It could be tinned copper but I doubt it, most likely it's steel strands (as i said, steel is cheaper than copper but has higher resistance)

 

1007 refers to UL1007 standard wire and WV-1 is just a rating related to how well the cable insulation resists flames and self extinguishes (vertical flame test : http://fr.polymerinsights.com/testing/flammability/vw-1 ), 80c refers to maximum rated temperature and 300v is obviously maximum voltage.

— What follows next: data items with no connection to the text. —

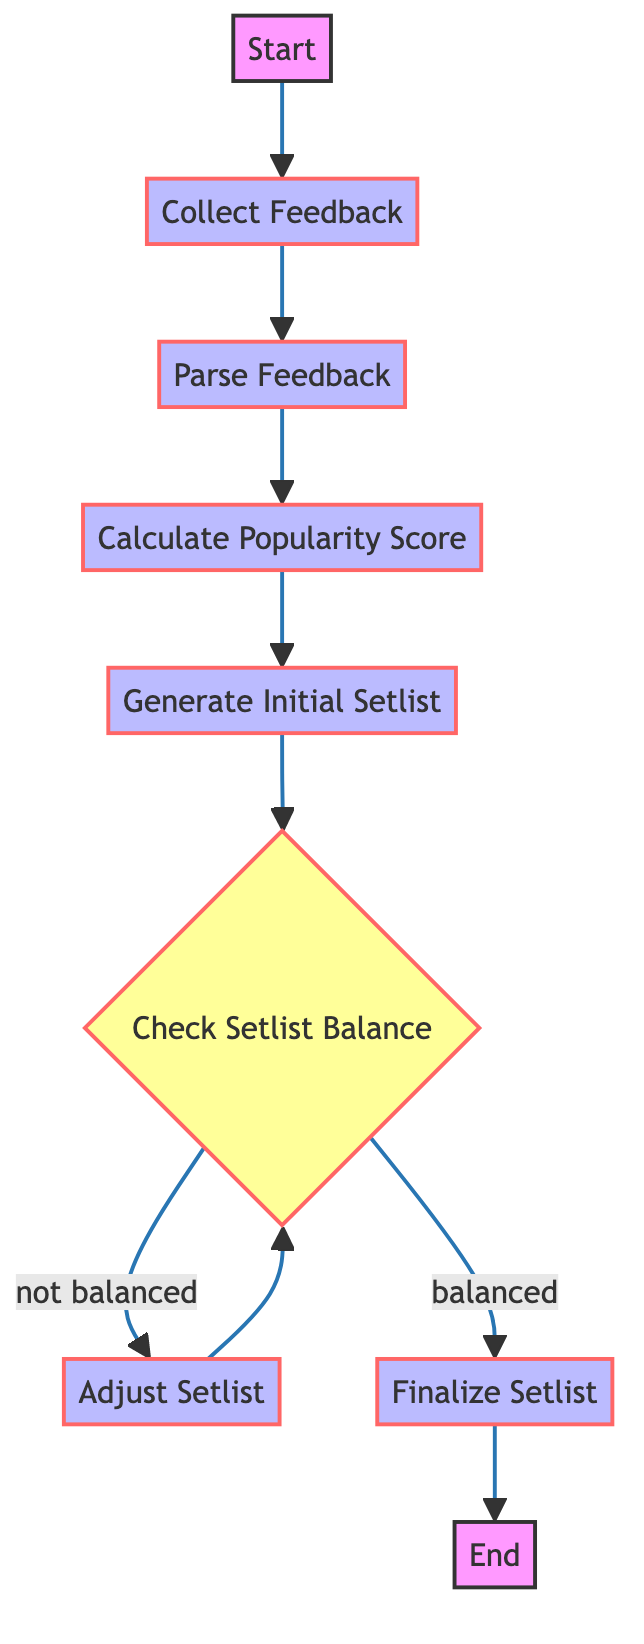What's the first step in the process? The diagram starts with the "Start" node, which is followed by "Collect Feedback." This indicates that collecting feedback is the first action that takes place in the flow.
Answer: Collect Feedback How many processes are in the diagram? The diagram consists of a total of five process nodes: "Collect Feedback," "Parse Feedback," "Calculate Popularity Score," "Generate Initial Setlist," and "Adjust Setlist." These processes represent actions taken to create the setlist generator.
Answer: Five What happens if the setlist is balanced? According to the flowchart, if the setlist is balanced, the next step is to "Finalize Setlist." This indicates that a balanced setlist allows the process to move forward without adjustments.
Answer: Finalize Setlist Which node comes after "Parse Feedback"? "Calculate Popularity Score" comes directly after "Parse Feedback" in the flow of the diagram. This shows that after parsing feedback, the next logical step is calculating how popular songs are among the audience.
Answer: Calculate Popularity Score What is the condition for adjusting the setlist? The condition for adjusting the setlist is if it is "not balanced." This means that an unbalanced setlist triggers the need for adjustments to improve the mix of songs.
Answer: Not balanced How many decision points are in the flowchart? The flowchart has one decision point, which is "Check Setlist Balance." This decision dictates the path of the flow based on whether the setlist is balanced or not.
Answer: One What is the last step before the end of the process? The last step before reaching the "End" of the process is "Finalize Setlist." This indicates that finalizing the setlist is the concluding action of the flowchart before ending.
Answer: Finalize Setlist What action follows "Adjust Setlist"? After "Adjust Setlist," the action that follows is "Check Setlist Balance." This shows that adjustments must be evaluated again to see if the setlist is now balanced.
Answer: Check Setlist Balance What type of feedback is collected? Audience feedback is collected from multiple sources such as social media, surveys, and previous concert reviews. This helps to understand audience preferences in selecting songs.
Answer: Audience feedback 
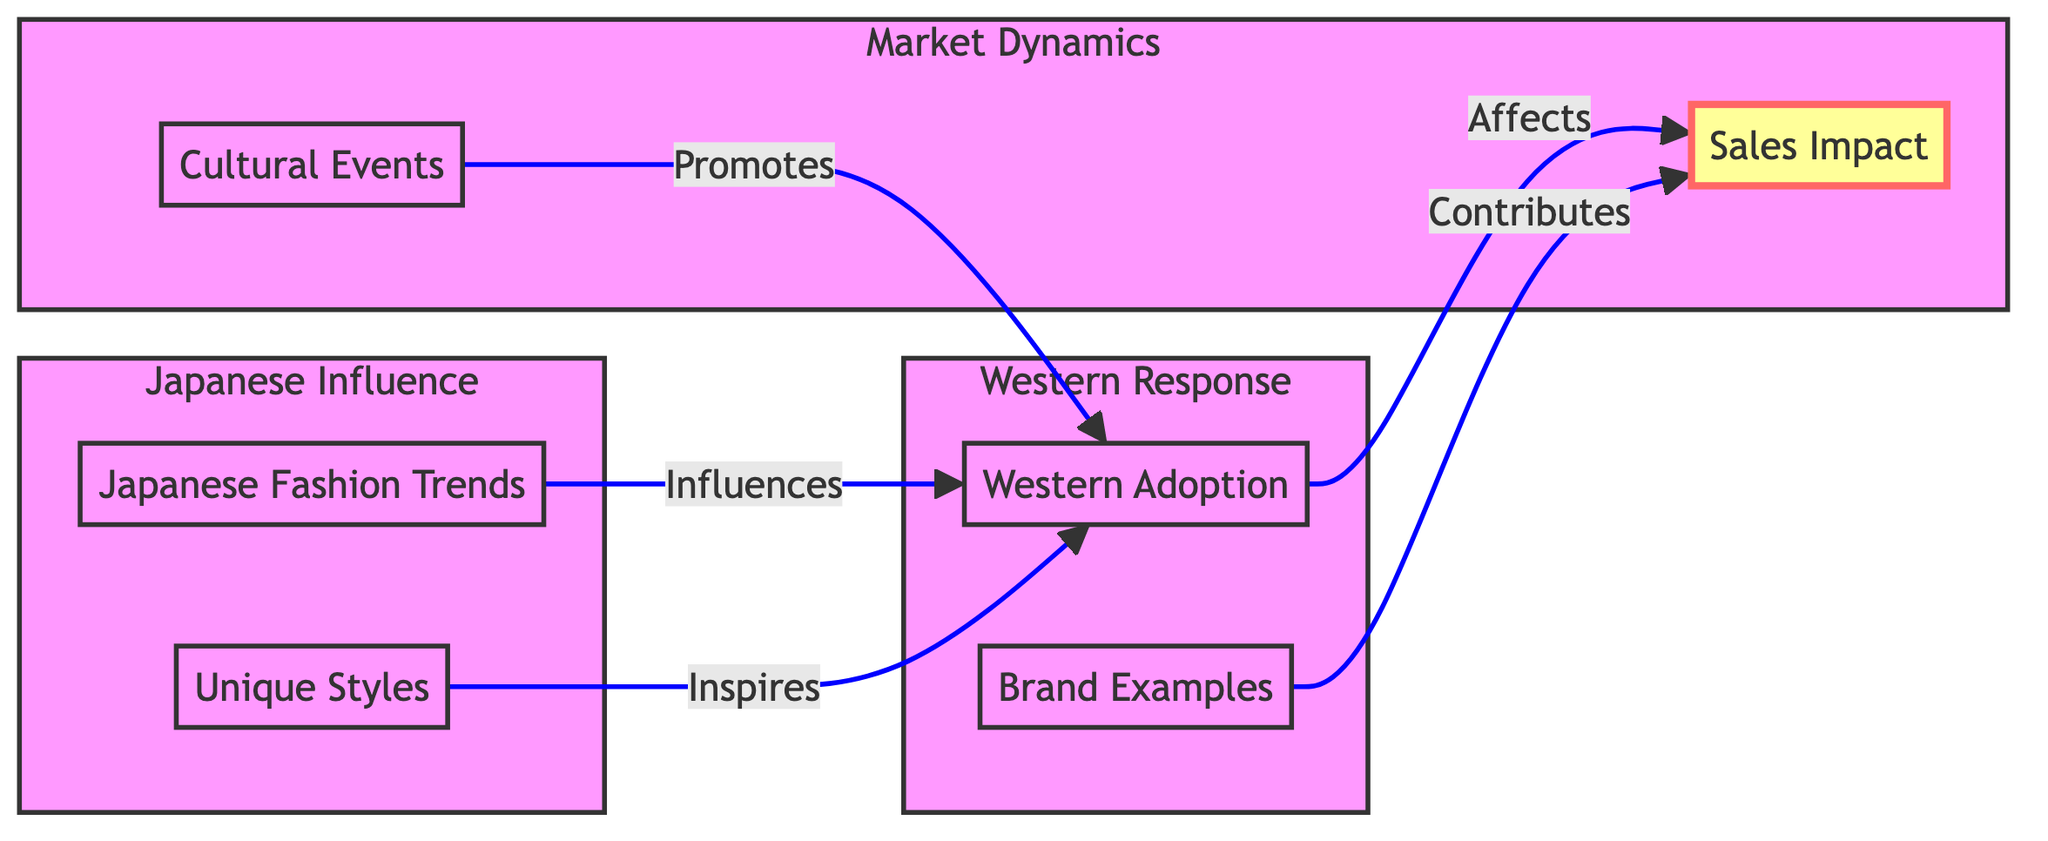What is the first node in the diagram? The first node in the diagram is Japanese Fashion Trends, which is represented as JT in the flowchart.
Answer: Japanese Fashion Trends How many nodes are in the subgraph Japanese Influence? The subgraph Japanese Influence consists of two nodes: Japanese Fashion Trends and Unique Styles.
Answer: 2 What does Western Adoption affect? Western Adoption directly influences Sales Impact, as shown by the arrow pointing from WA to SI in the diagram.
Answer: Sales Impact Which node contributes to Sales Impact? The node that contributes to Sales Impact is Brand Examples, indicated by the arrow from BE to SI.
Answer: Brand Examples How do Cultural Events relate to Western Adoption? Cultural Events promote Western Adoption, as evidenced by the arrow connecting CE to WA in the diagram.
Answer: Promotes What is the relationship between Unique Styles and Western Adoption? Unique Styles inspire Western Adoption, denoted by the arrow from US to WA.
Answer: Inspires How many total relationships (edges) are in the diagram? The diagram includes five directed edges that show the relationships between the nodes.
Answer: 5 Which subgraph contains Sales Impact? The subgraph Market Dynamics contains Sales Impact, along with Cultural Events, shown distinctly in the diagram.
Answer: Market Dynamics What impact does Japanese Fashion Trends have on the diagram? Japanese Fashion Trends influences Western Adoption, as depicted by the connecting arrow from JT to WA.
Answer: Influences

The YC-HX may be a rating of the company that makes the cable that would differentiate it from cables made with other cables made with different number of strands and so on.

 

You can make burn tests or use magnets to detect type of wires

aluminum (copper clad aluminum wires are common in cheap ethernet cables) will shrink and twists when under flame (you can put stripper wire with aluminum under lighter flame and it will shrink and twist or bend right away

copper will remain the same.

Unless I'm mistaken, steel wire will be attracted by magnet while copper wire should not be... but I may be wrong.

Thanks, I'll try get hold of a magnet to test it. Do you know any good brands I could get some better quality extenders from?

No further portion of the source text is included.